At the auto shop last week I learned that my car is burning oil. I felt the need to blame someone, anyone, but the mechanic assured me that it’s normal for engines to burn oil. You want to keep an eye on it, he said. You can get another 100,000 miles on that engine if you keep an eye on the oil, he added. That’s fine, I thought. But I still felt like blaming someone. I’ll blame physics for now.

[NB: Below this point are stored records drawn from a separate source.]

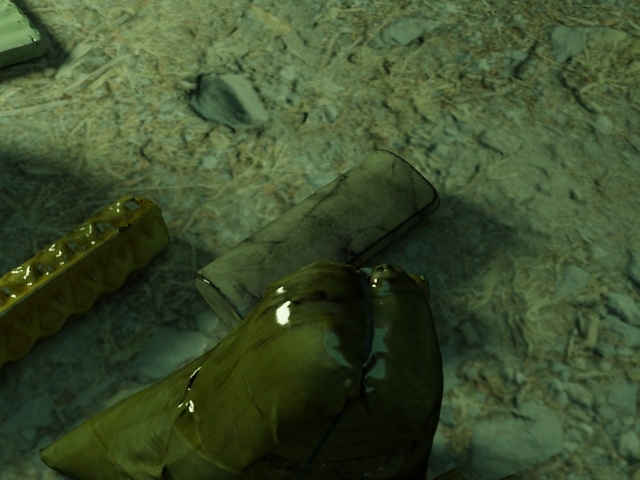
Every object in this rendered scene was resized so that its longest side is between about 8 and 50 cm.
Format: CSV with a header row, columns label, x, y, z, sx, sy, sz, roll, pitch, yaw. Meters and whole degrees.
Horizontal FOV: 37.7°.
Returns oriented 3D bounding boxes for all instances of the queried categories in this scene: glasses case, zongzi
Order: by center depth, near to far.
label,x,y,z,sx,sy,sz,roll,pitch,yaw
zongzi,-0.090,0.142,0.806,0.392,0.356,0.174,2,59,1
glasses case,0.000,0.000,1.101,0.299,0.060,0.114,-36,62,-26

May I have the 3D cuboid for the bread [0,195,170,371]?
label,x,y,z,sx,sy,sz,roll,pitch,yaw
bread,-0.316,0.068,1.025,0.367,0.084,0.077,-38,20,-29

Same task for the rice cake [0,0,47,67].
label,x,y,z,sx,sy,sz,roll,pitch,yaw
rice cake,-0.514,-0.291,1.314,0.198,0.037,0.189,-28,59,-23

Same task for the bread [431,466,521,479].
label,x,y,z,sx,sy,sz,roll,pitch,yaw
bread,0.191,0.347,0.769,0.370,0.192,0.314,-16,49,-29

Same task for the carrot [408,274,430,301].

A few weeks ago, I found a ramen place that’s the size of a walk-in closet. You can cram twenty people into it so that their faces are against the wall and their knees are scraping the knees of strangers. I was jammed next to two guys talking about wine as though they knew something. Just as I was ready to dismiss them as dirty hipsters, they offered me white wine from a bottle. A verdicchio. It was great. We toasted. Then I felt bad for thinking they were snobby hipsters. As a way of making up for it, I nearly knocked over the table with my knees as I got up to leave. Again, they turned out to be friendly. Don’t worry about it, one of the guys said, I flipped over two water glasses last time I left.
I’m starting a new trend in office apparel: X-country skiing outfit Tuesday. Boots that look like X-country ski boots, down vest, goggles. That’s me today.
I’m not bathing in dust in the Southern California desert. I’m not at Coachella. Are you?